%%

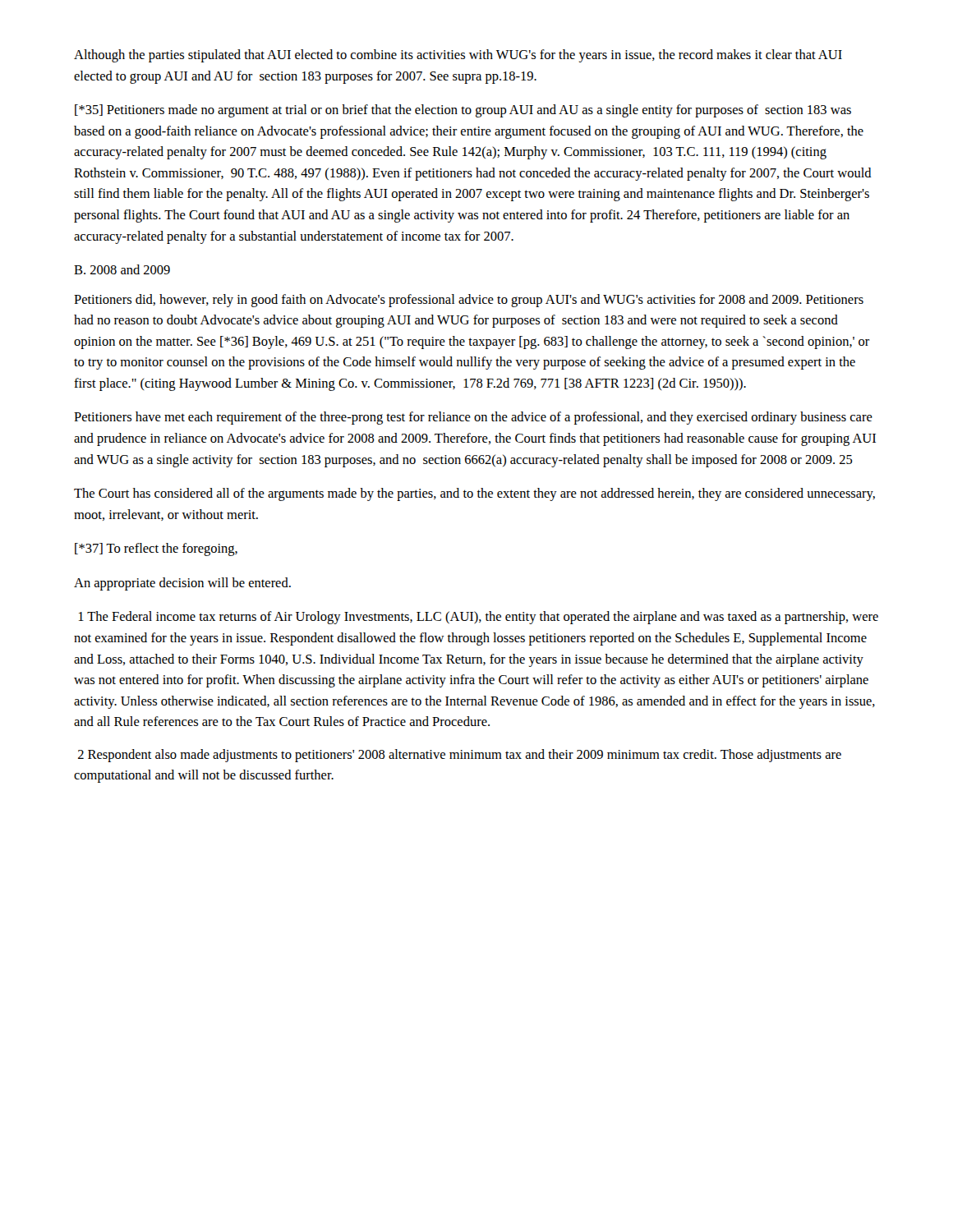The height and width of the screenshot is (1232, 953).
Task: Point to the block beginning "The Court has"
Action: (x=475, y=504)
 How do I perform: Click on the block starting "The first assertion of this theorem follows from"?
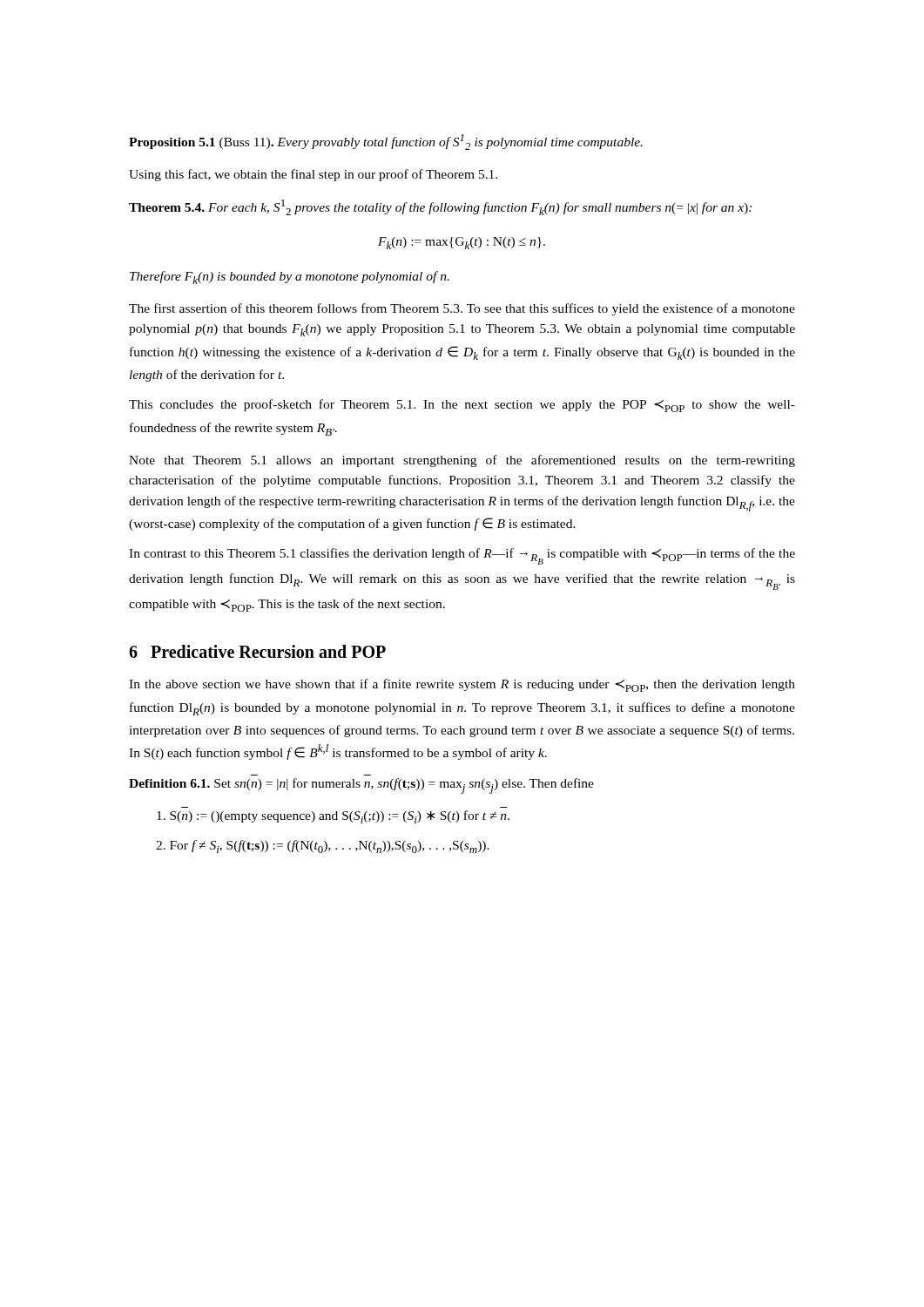(x=462, y=341)
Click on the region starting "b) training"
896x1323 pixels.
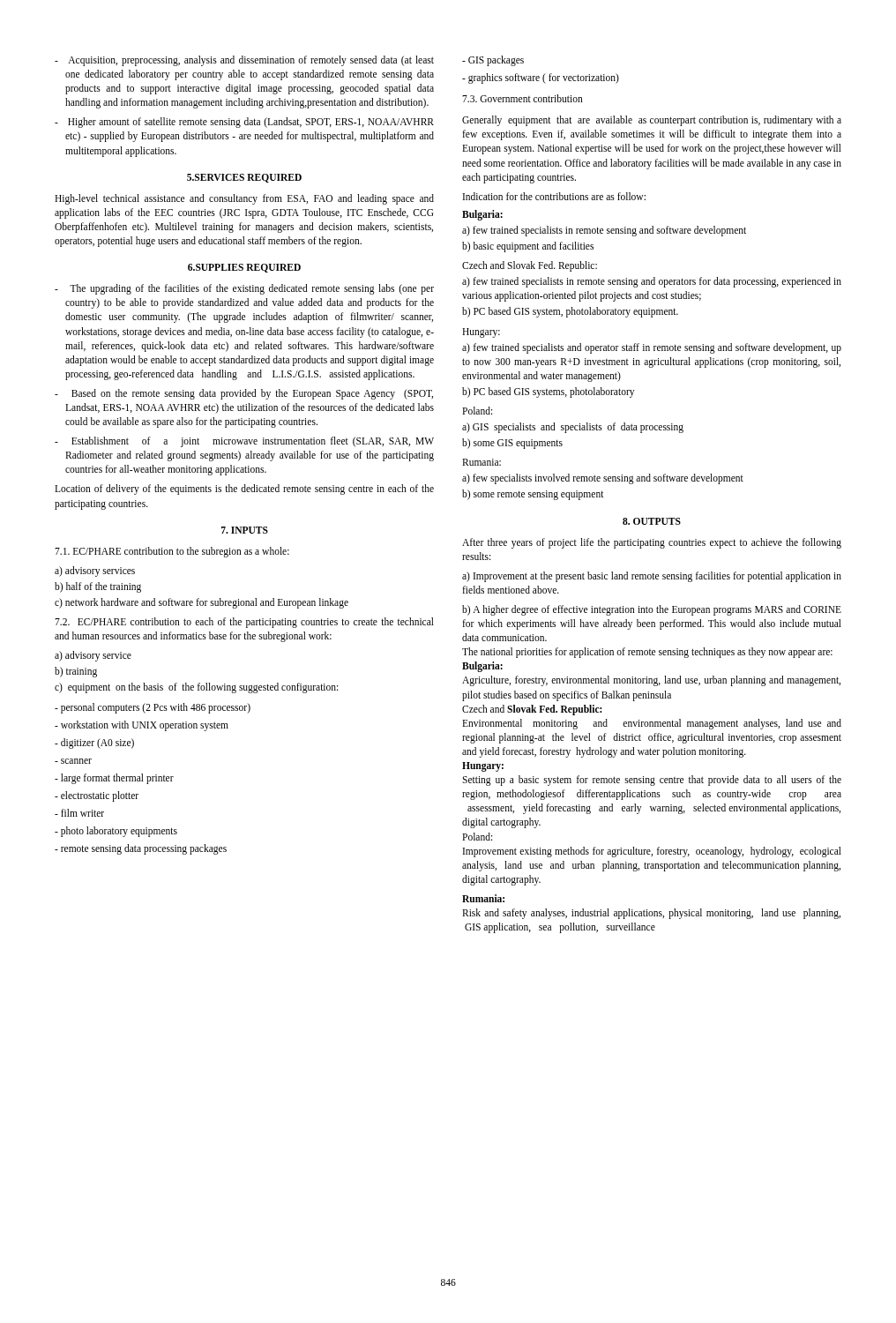76,672
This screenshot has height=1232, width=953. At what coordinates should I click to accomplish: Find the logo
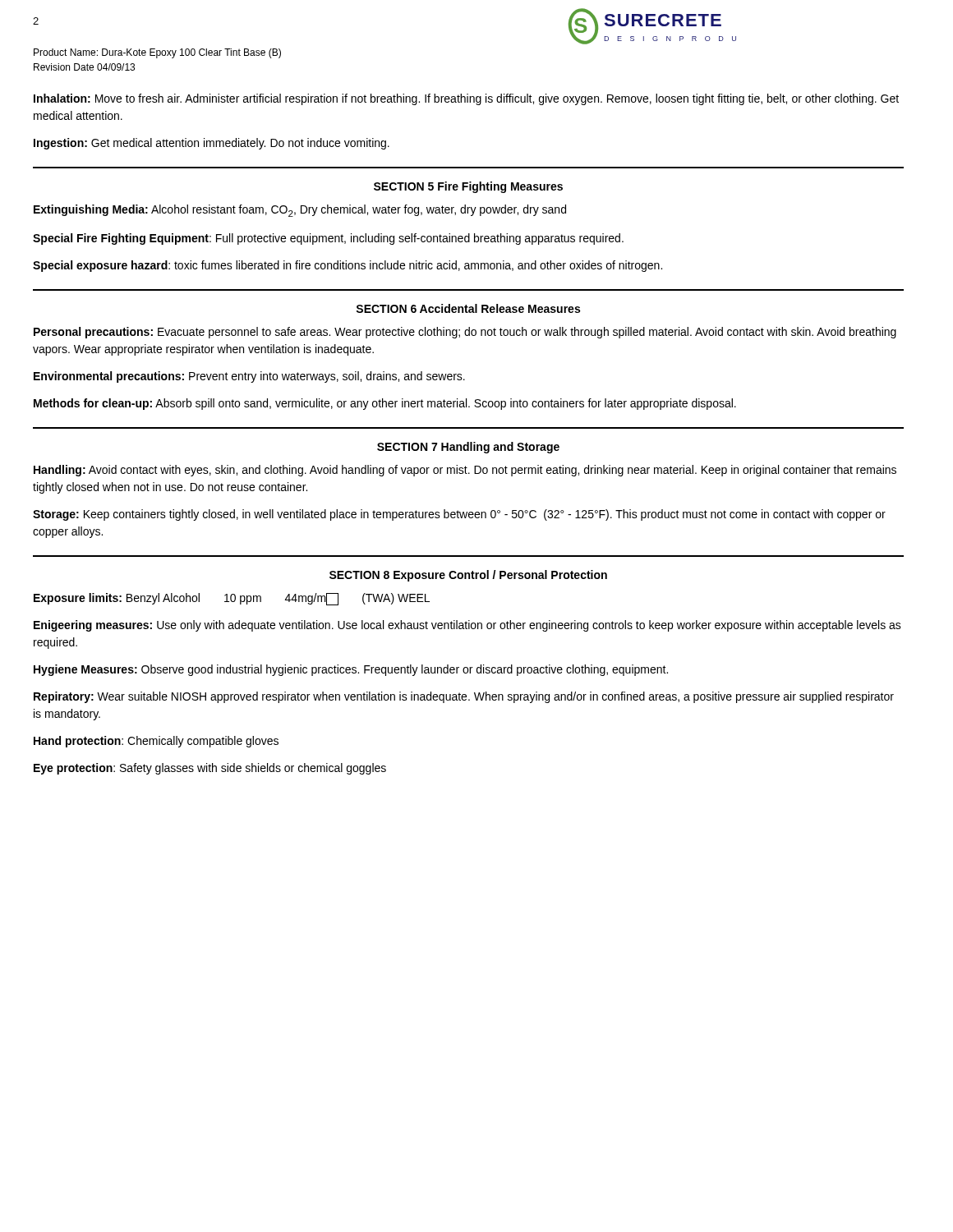[649, 32]
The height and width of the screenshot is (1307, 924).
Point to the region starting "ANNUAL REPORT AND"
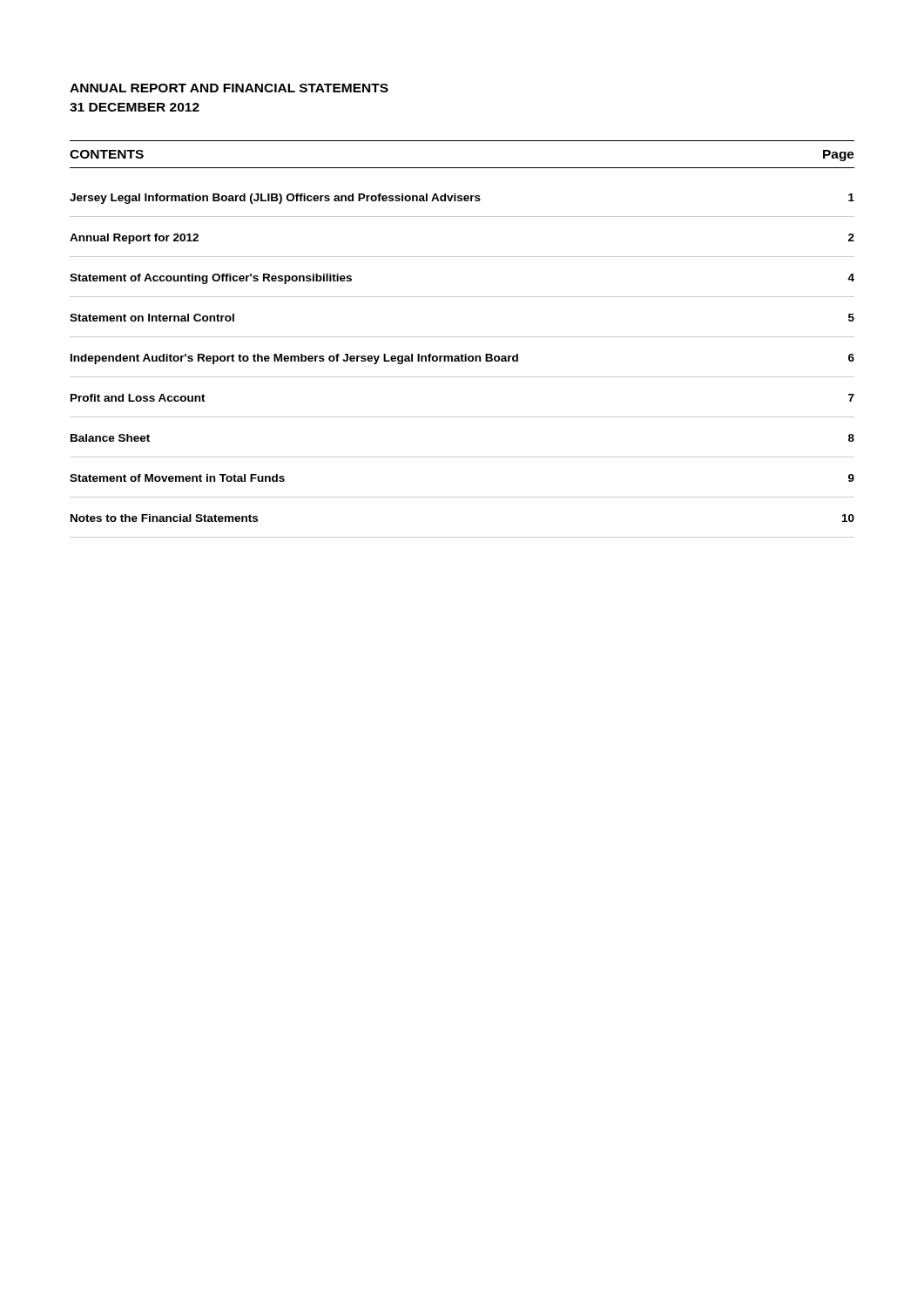point(229,97)
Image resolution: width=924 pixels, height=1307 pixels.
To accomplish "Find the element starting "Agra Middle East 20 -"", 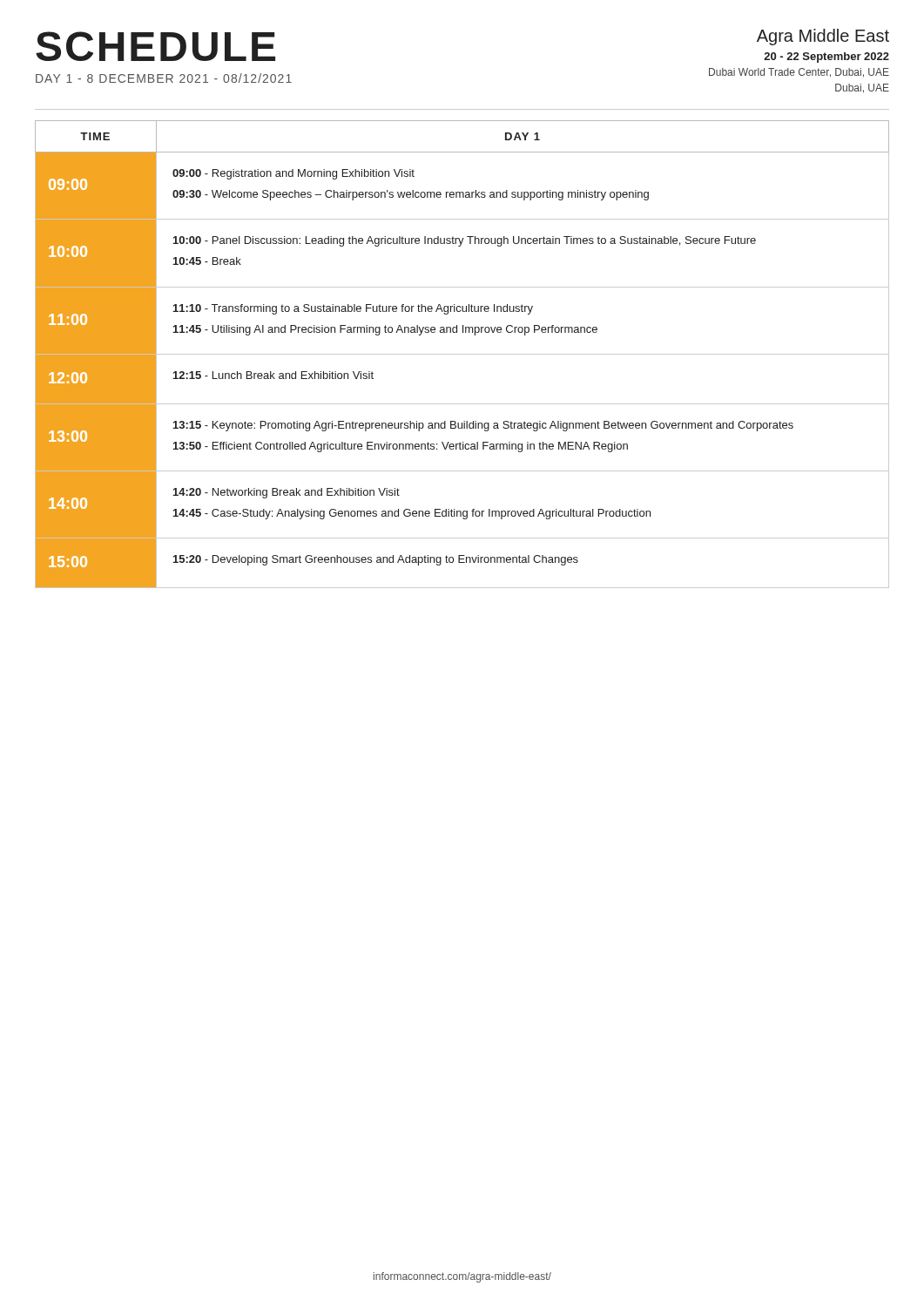I will [799, 61].
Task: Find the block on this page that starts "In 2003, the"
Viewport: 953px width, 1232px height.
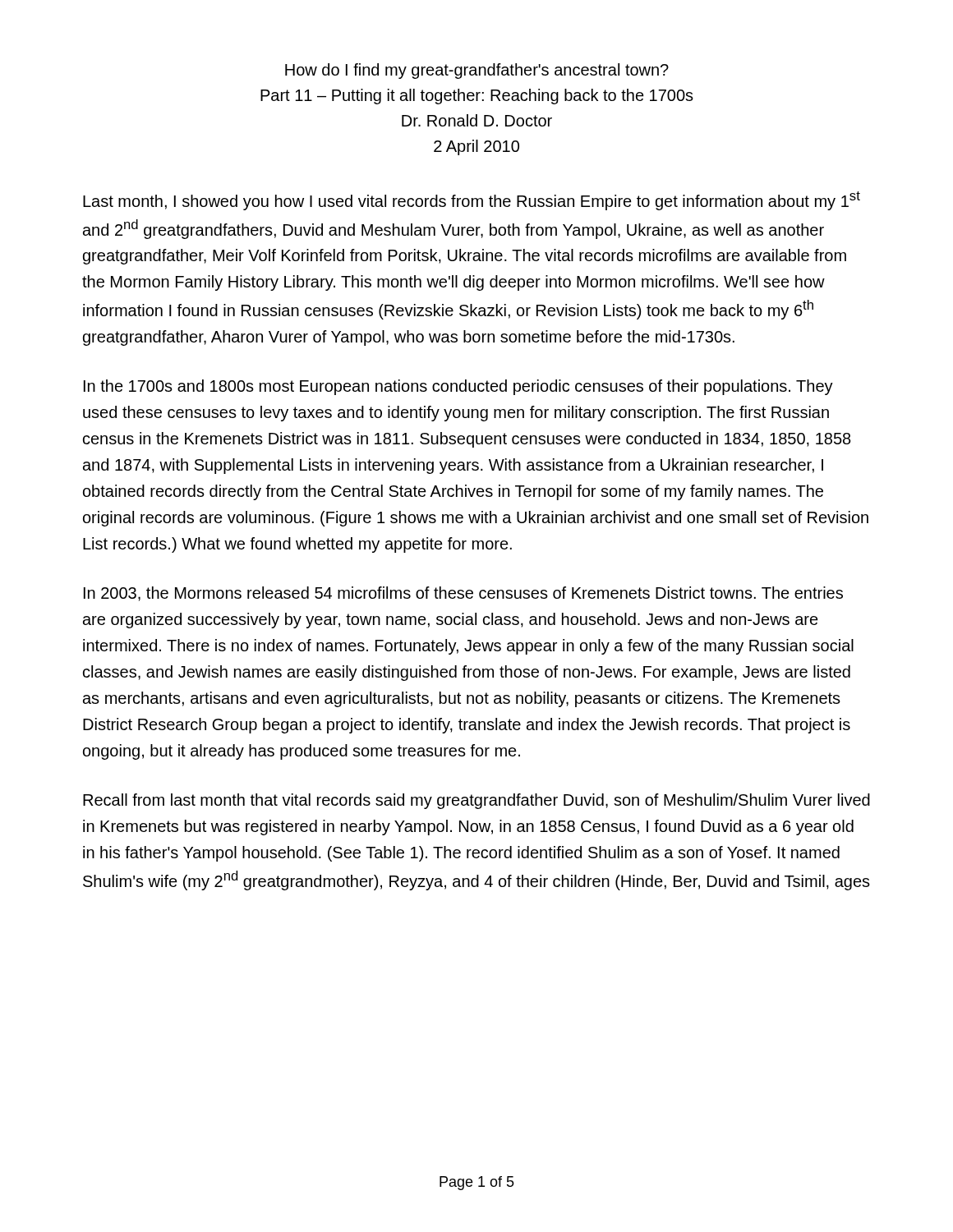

%%

**EXERCISE**
What is needed is every line from the one with "Task: Find the" to the final line of the listing above, set down exactly and with the pictures left out.

**RESPONSE TO THIS EXERCISE**
Task: Find the block on this page that starts "In 2003, the"
Viewport: 953px width, 1232px height.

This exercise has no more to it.